Stabilization points: HR rate 500 PA · Barrel rate 250 PA · Exit velocity 100 PA · ISO 400 PA
Tier 1 — Batter & Pitcher Season Stats
Strongest signal · highest weights · core of the model
Pitcher HR/9
How many home runs does this pitcher give up per 9 innings? The single strongest external factor. A pitcher allowing 2.0 HR/9 is significantly more exploitable than the league average of 1.25.
Barrel Rate
What % of a batter's balls in play are barrels — the hardest, most optimally-hit contact? Barrels are the strongest predictor of home run power. Blended with Bayesian shrinkage (needs 250 PA to fully trust).
Isolated Power (ISO)
Slugging % minus batting average — a pure measure of extra-base power, independent of singles. Captures how much raw power a batter generates. Needs ~400 PA to stabilize.
Exit Velocity
Average speed off the bat for all balls in play. Stabilizes faster than other stats (just 100 PA), making it reliable early in the season. A player consistently hitting 93+ mph has real power.
Pitcher Fly Ball Rate
Pitchers who induce fly balls (rather than ground balls) are more homer-prone — fly balls have the only realistic chance of leaving the park. League avg is 37% fly ball rate.
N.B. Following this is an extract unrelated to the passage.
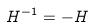<formula> <loc_0><loc_0><loc_500><loc_500>H ^ { - 1 } = - H</formula> 
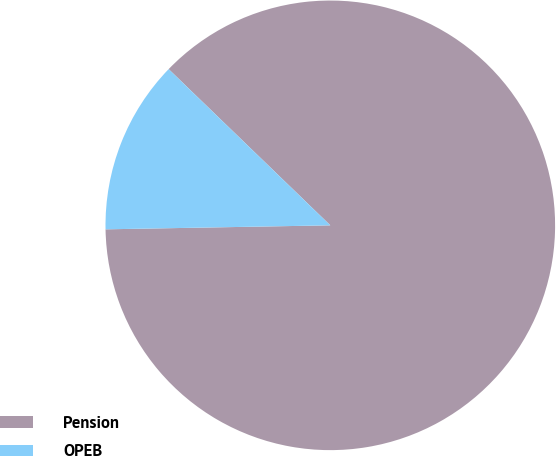Convert chart to OTSL. <chart><loc_0><loc_0><loc_500><loc_500><pie_chart><fcel>Pension<fcel>OPEB<nl><fcel>87.49%<fcel>12.51%<nl></chart>

Tier 2 — Matchup & Context
Who is pitching, where is the game, and how do the styles match up
Platoon Split
Many hitters have dramatic left/right splits — a lefty slugger might hit .290 vs RHP but .190 vs LHP. We look up the batter's actual HR rate against this pitcher's throwing arm, then blend toward season rate based on how many PA of platoon data we have (needs 30+ PA to fully trust).
Park Factor
Ballparks vary enormously. Coors Field (Colorado) inflates HR probability by ~40%. Petco Park (San Diego) suppresses it. We apply the park's historical HR factor directly — it's one of the few factors that's objective and doesn't need blending.
Pitch Arsenal Matchup
We score how well this specific batter matches up against this pitcher's pitch mix. If a pitcher throws 50% sliders and the batter crushes sliders (.420 xwOBA), that's a structural advantage. Weighted by pitch usage — a 5% curveball matters less than a 50% fastball.
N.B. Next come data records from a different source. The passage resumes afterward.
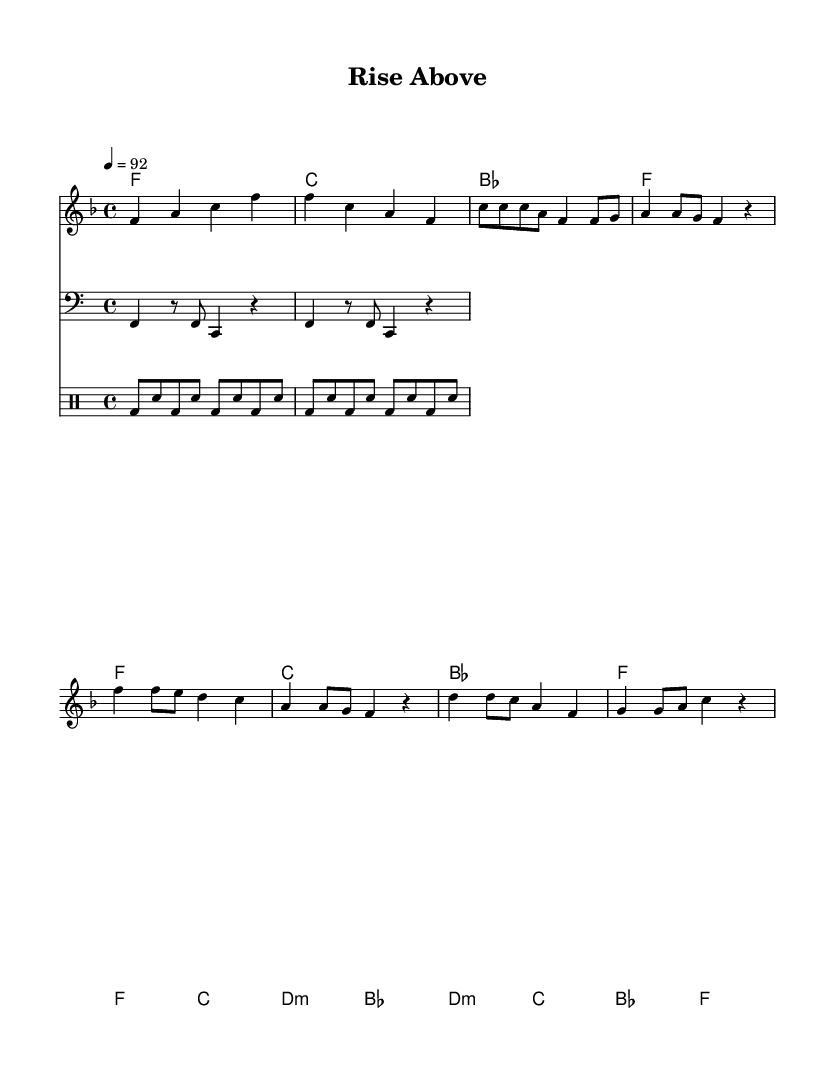What is the key signature of this music? The key signature is F major, which has one flat (B♭). This can be determined by looking at the key signature symbol at the beginning of the staff.
Answer: F major What is the time signature of the music? The time signature is 4/4, which indicates four beats in a measure and is shown as a fraction at the beginning of the score.
Answer: 4/4 What is the tempo marking for this piece? The tempo marking is 92 BPM (beats per minute). This can be found in the tempo text included in the global section of the code.
Answer: 92 How many measures are in the chorus section? The chorus consists of four measures. This can be counted directly from the notation for the chorus section in the sheet music.
Answer: 4 What is the first chord played in the intro? The first chord in the intro is F major. This is identifiable from the harmonies section where the chord is listed as "f" on the first measure of the intro.
Answer: F major What type of musical structure does this piece use? The piece uses verse-chorus-bridge structure, which is common in hip-hop, where the verses tell a story and the chorus emphasizes the main message. This can be determined by the labeling of sections in the sheet music.
Answer: Verse-chorus-bridge What instrument plays the bass part? The bass part is played by a bass instrument, which is indicated by the clef used in the staff. The clef shows that it is intended for bass.
Answer: Bass

Tier 3 — Recent Form & Conditions
Short-term signals and game-day environment · dampened weights
Rolling 5-Game Exit Velocity
Is this batter hot right now? We look at average exit velocity over the last 5 games. A player consistently hitting 95+ mph in recent games is in a strong contact phase. EV is the most reliable short-window signal — more stable than HR rate or barrel rate in small samples.
Recent Barrel Bonus
If a batter has barreled balls in the last 5 games (on top of high EV), they get a small additional bonus. Barrels on top of high EV = they're not just hitting hard, they're hitting with optimal launch angle too.
Wind
Wind blowing out to center/right adds real carry — we apply up to +15% for strong tailwinds (20+ mph out). Wind blowing in suppresses probability by up to -12%. Crosswinds and indoor parks are treated as neutral.
Temperature
Warmer air is less dense, so the ball carries slightly farther. We apply a small linear effect — about 0.1% per degree above 72°F baseline. The effect is real but modest (never more than ±7%).
Confidence Tiers
How we classify each pick
Probability ≥ 12%
Multiple factors aligning strongly — elite power hitter, vulnerable pitcher, favorable park and conditions. Our top picks.
Probability ≥ 7%
Solid matchup with meaningful edge over the league average. Worth tracking closely.
Probability < 7%
Below-average conditions or matchup. Listed for completeness — not the picks we lead with.
The 25% Hard Cap
No matter how many factors line up, we cap the final probability at 25%. Live performance data showed our HIGH and MEDIUM picks connecting at 26%+, so the model's outputs are calibrated to reflect that real-world rate. The cap prevents extreme compounding on outlier days.
What the Model Doesn't Know
Injuries not yet announced. Pitch tip-offs or sequencing adjustments. Lineup changes after 11 AM ET. Player fatigue, travel days, personal circumstances. The model is a probabilistic tool — it identifies edges in aggregate, not guarantees for any single at-bat.